Metrology devices, as shown in Figure 1 and Figure 8, are not really suited for a production measurement (comparison) of complete sets of blades after the blade grinding and in order to qualify sets of blades for being assembled in cutter heads. The duration of a blade measurement is in the vicinity of the time it takes to grind a blade, which is not easily acceptable for a production measurement.

The strength of the Gleason GBX is the fact that it represents a CNC controlled, highly accurate metrology device that is an integral unit together with the blade mathematical software (GEMS) and the control software. The components of the integral unit work together in a semi real time mode which allows the different measurement steps, like the cutting edge measurement being influenced by the previously conducted front face scanning.

A prismatic V-block fixture with a yoke and screw for holding rectangular blades (Figure 10, left) as well as Pentac® blades (Figure 10, right) has been developed. The probe will scan the seating surfaces of the fixture during a setup/calibration mode. No blade datum surface scanning is required during the regular blade measurement cycle. Studies with the newly developed GBX blade holding fixture have shown that the achieved accuracy is high and the repeatability is excellent. Those attributes are combined with a rather short measuring time because of the elimination of individual datum surface measurements.

GBX Measurement Cycle
In a measurement cycle, the front face is scanned first along a triangular path (Figure 9). The knowledge of the front face location and orientation is used by the blade mathematical software to calculate the nominal cutting edge function, considering the actual front face. The knowledge of the side relief surfaces is used in order to calculate a scanning path between 0 to 15 µm behind the cutting edge (adjusted nominals). Next, the cutting edge blade tip and clearance side of the blade is scanned.

In cases of complicated blade contours, large blade distortions or the requirement of highest accuracy, a software option allows the use of the actually measured blade edge coordinates as “distorted nominals” and repeat the blade edge scanning. The results will be more accurate since the probe deflection is minimized in this mode. The blade evaluation module receives a measurement result in the absolute blade coordinate system and compares this with the adjusted nominal blade contour behind the cutting edge. The difference between the actual and the adjusted nominal contour is used to compute blade corrections.

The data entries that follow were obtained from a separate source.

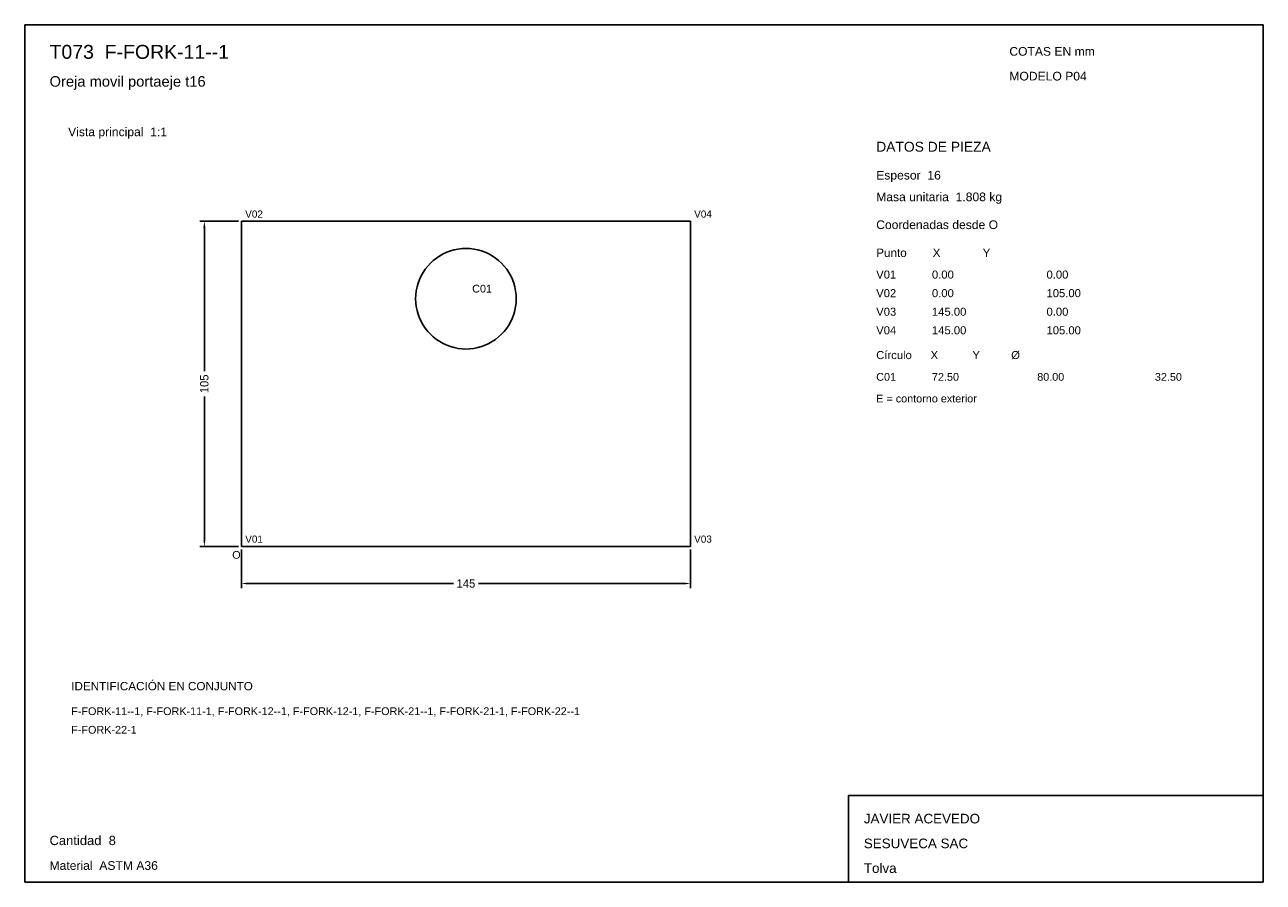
# Model space of a CAD drawing. Header units: millimetres. Extents: x 10 to 410, y 10 to 287.
import ezdxf

# ---------------------------------------------------------------- set-up
doc = ezdxf.new("R2010")
doc.units = ezdxf.units.MM
doc.styles.add('ARIAL', font='arial.ttf')
doc.dimstyles.get("Standard").update_dxf_attribs({"dimtxt": 2.5, "dimasz": 2.5, "dimexe": 1.25, "dimexo": 0.625, "dimtad": 1, "dimcen": 2.5, "dimazin": 3, "dimtfac": 1, "dimtmove": 0, "dimatfit": 3})

# ---------------------------------------------------------------- blocks, each defined once
blk = doc.blocks.new('_CLOSEDFILLED')
at = {"color": 0, "linetype": 'BYBLOCK'}
blk.add_solid([(-1, 0.16), (0, 0), (-1, -0.16)], dxfattribs=at)
blk = doc.blocks.new('*D1')
for p, q in [((80, 117.5), (80, 105)), ((225, 117.5), (225, 105)), ((82, 106.5), (148.45, 106.5)), ((156.55, 106.5), (223, 106.5))]:
    blk.add_line(p, q)
at = {"layer": 'Defpoints'}
for p in [(80, 118.5), (225, 118.5), (80, 106.5)]:
    blk.add_point(p, dxfattribs=at)
at = {"xscale": 2, "yscale": 2, "rotation": 180}
blk.add_blockref('_CLOSEDFILLED', (80, 106.5), dxfattribs=at)
at = {"xscale": 2, "yscale": 2}
blk.add_blockref('_CLOSEDFILLED', (225, 106.5), dxfattribs=at)
at = {"insert": (152.5, 106.5), "char_height": 2.7, "attachment_point": 5}
blk.add_mtext('145', dxfattribs=at)
blk = doc.blocks.new('*D2')
for p, q in [((79, 223.5), (66.5, 223.5)), ((68, 175.05), (68, 221.5)), ((68, 120.5), (68, 166.95)), ((79, 118.5), (66.5, 118.5))]:
    blk.add_line(p, q)
at = {"layer": 'Defpoints'}
for p in [(80, 223.5), (68, 118.5), (80, 118.5)]:
    blk.add_point(p, dxfattribs=at)
at = {"xscale": 2, "yscale": 2}
for p, rotation in [((68, 223.5), 90), ((68, 118.5), 270)]:
    blk.add_blockref('_CLOSEDFILLED', p, dxfattribs=dict(at, rotation=rotation))
at = {"insert": (68, 171), "char_height": 2.7, "attachment_point": 5, "rotation": 90}
blk.add_mtext('105', dxfattribs=at)

msp = doc.modelspace()

# ---------------------------------------------------------------- linework, layer by layer
for p, q in [((410, 287), (10, 287)), ((10, 287), (10, 10)), ((410, 10), (410, 287)), ((410, 38), (276, 38)), ((276, 38), (276, 10)), ((410, 10), (410, 38)), ((10, 10), (410, 10)), ((276, 10), (410, 10))]:
    msp.add_line(p, q)
for points in [[(80, 223.5), (80, 118.5), (80, 118.5)], [(80, 223.5), (225, 223.5), (225, 223.5)], [(225, 223.5), (225, 118.5), (225, 118.5)], [(152.5, 182.25), (151.225, 182.3), (149.958, 182.45), (148.707, 182.699), (147.478, 183.045), (146.281, 183.487), (145.123, 184.021), (144.009, 184.645), (142.948, 185.353), (141.946, 186.143), (141.01, 187.01), (140.143, 187.946), (139.353, 188.948), (138.645, 190.009), (138.021, 191.123), (137.487, 192.281), (137.045, 193.478), (136.699, 194.707), (136.45, 195.958), (136.3, 197.225), (136.25, 198.5), (136.3, 199.775), (136.45, 201.042), (136.699, 202.293), (137.045, 203.522), (137.487, 204.719), (138.021, 205.877), (138.645, 206.991), (139.353, 208.052), (140.143, 209.054), (141.01, 209.99), (141.946, 210.857), (142.948, 211.647), (144.009, 212.355), (145.123, 212.979), (146.281, 213.513), (147.478, 213.955), (148.707, 214.301), (149.958, 214.55), (151.225, 214.7), (152.5, 214.75), (153.775, 214.7), (155.042, 214.55), (156.293, 214.301), (157.522, 213.955), (158.719, 213.513), (159.877, 212.979), (160.991, 212.355), (162.052, 211.647), (163.054, 210.857), (163.99, 209.99), (164.857, 209.054), (165.647, 208.052), (166.355, 206.991), (166.979, 205.877), (167.513, 204.719), (167.955, 203.522), (168.301, 202.293), (168.55, 201.042), (168.7, 199.775), (168.75, 198.5), (168.7, 197.225), (168.55, 195.958), (168.301, 194.707), (167.955, 193.478), (167.513, 192.281), (166.979, 191.123), (166.355, 190.009), (165.647, 188.948), (164.857, 187.946), (163.99, 187.01), (163.054, 186.143), (162.052, 185.353), (160.991, 184.645), (159.877, 184.021), (158.719, 183.487), (157.522, 183.045), (156.293, 182.699), (155.042, 182.45), (153.775, 182.3), (152.5, 182.25)], [(80, 118.5), (225, 118.5), (225, 118.5)]]:
    msp.add_lwpolyline(points)

# ---------------------------------------------------------------- texts
at = {"style": 'ARIAL'}
for s, height, p in [('T073  F-FORK-11--1', 4.5, (18, 276)), ('COTAS EN mm', 2.8, (328, 277)), ('Oreja movil portaeje t16', 3.4, (18, 267)), ('MODELO P04', 2.8, (328, 269)), ('Vista principal  1:1', 2.8, (24, 251)), ('DATOS DE PIEZA', 3.2, (285, 246)), ('Espesor  16', 2.8, (285, 237)), ('Masa unitaria  1.808 kg', 2.8, (285, 230)), ('V02', 2.3, (81.2, 224.7)), ('V04', 2.3, (226.2, 224.7)), ('Coordenadas desde O', 2.8, (285, 221)), ('Punto        X             Y', 2.7, (285, 212)), ('V01', 2.6, (285, 205)), ('0.00', 2.6, (303, 205)), ('0.00', 2.6, (340, 205)), ('C01', 2.5, (154.5, 200.5)), ('V02', 2.6, (285, 199)), ('0.00', 2.6, (303, 199)), ('105.00', 2.6, (340, 199)), ('V03', 2.6, (285, 193)), ('145.00', 2.6, (303, 193)), ('0.00', 2.6, (340, 193)), ('V04', 2.6, (285, 187)), ('145.00', 2.6, (303, 187)), ('105.00', 2.6, (340, 187)), ('Círculo      X           Y          Ø', 2.6, (285, 179)), ('C01', 2.5, (285, 172)), ('72.50', 2.5, (303, 172)), ('80.00', 2.5, (337, 172)), ('32.50', 2.5, (375, 172)), ('E = contorno exterior', 2.5, (285, 165)), ('V01', 2.3, (81.2, 119.7)), ('V03', 2.3, (226.2, 119.7)), ('O', 2.5, (77, 114.5)), ('IDENTIFICACIÓN EN CONJUNTO', 2.7, (25, 72)), ('F-FORK-11--1, F-FORK-11-1, F-FORK-12--1, F-FORK-12-1, F-FORK-21--1, F-FORK-21-1, F-FORK-22--1', 2.5, (25, 64)), ('F-FORK-22-1', 2.5, (25, 58)), ('JAVIER ACEVEDO', 3.1, (281, 29)), ('Cantidad  8', 3, (18, 22)), ('SESUVECA SAC', 3.1, (281, 21)), ('Material  ASTM A36', 2.8, (18, 14)), ('Tolva', 3.1, (281, 13))]:
    msp.add_text(s, height=height, dxfattribs=at).set_placement(p)

# ---------------------------------------------------------------- dimensions: what is measured, and where the dimension line sits
dim = msp.add_linear_dim(base=(68, 118.5), p1=(80, 118.5), p2=(80, 223.5), angle=90, dimstyle='Standard', override={"dimtxt": 2.7, "dimasz": 2, "dimexe": 1.5, "dimexo": 1, "dimgap": 1, "dimdec": 2, "dimlfac": 1, "dimzin": 8})
dim.commit()
dim.dimension.update_dxf_attribs({"geometry": '*D2', "text_midpoint": (68, 171)})
dim = msp.add_linear_dim(base=(80, 106.5), p1=(80, 118.5), p2=(225, 118.5), dimstyle='Standard', override={"dimtxt": 2.7, "dimasz": 2, "dimexe": 1.5, "dimexo": 1, "dimgap": 1, "dimdec": 2, "dimlfac": 1, "dimzin": 8})
dim.commit()
dim.dimension.update_dxf_attribs({"geometry": '*D1', "text_midpoint": (152.5, 106.5)})

doc.saveas('drawing.dxf')

Figure 11 shows the nominal bade contour (black line) and the actually measured blade contour (red line) in one graphic, together with the No. 562 measurement pin locations. The No. 562 pins are only for reference or comparison with older developments. The experience gained during many measurement studies indicates, that a real comparison between the No. 562 and the GBX is not very useful because the significantly higher accuracy of the GBX leads in cases of small blade deviations to different, but more correct results.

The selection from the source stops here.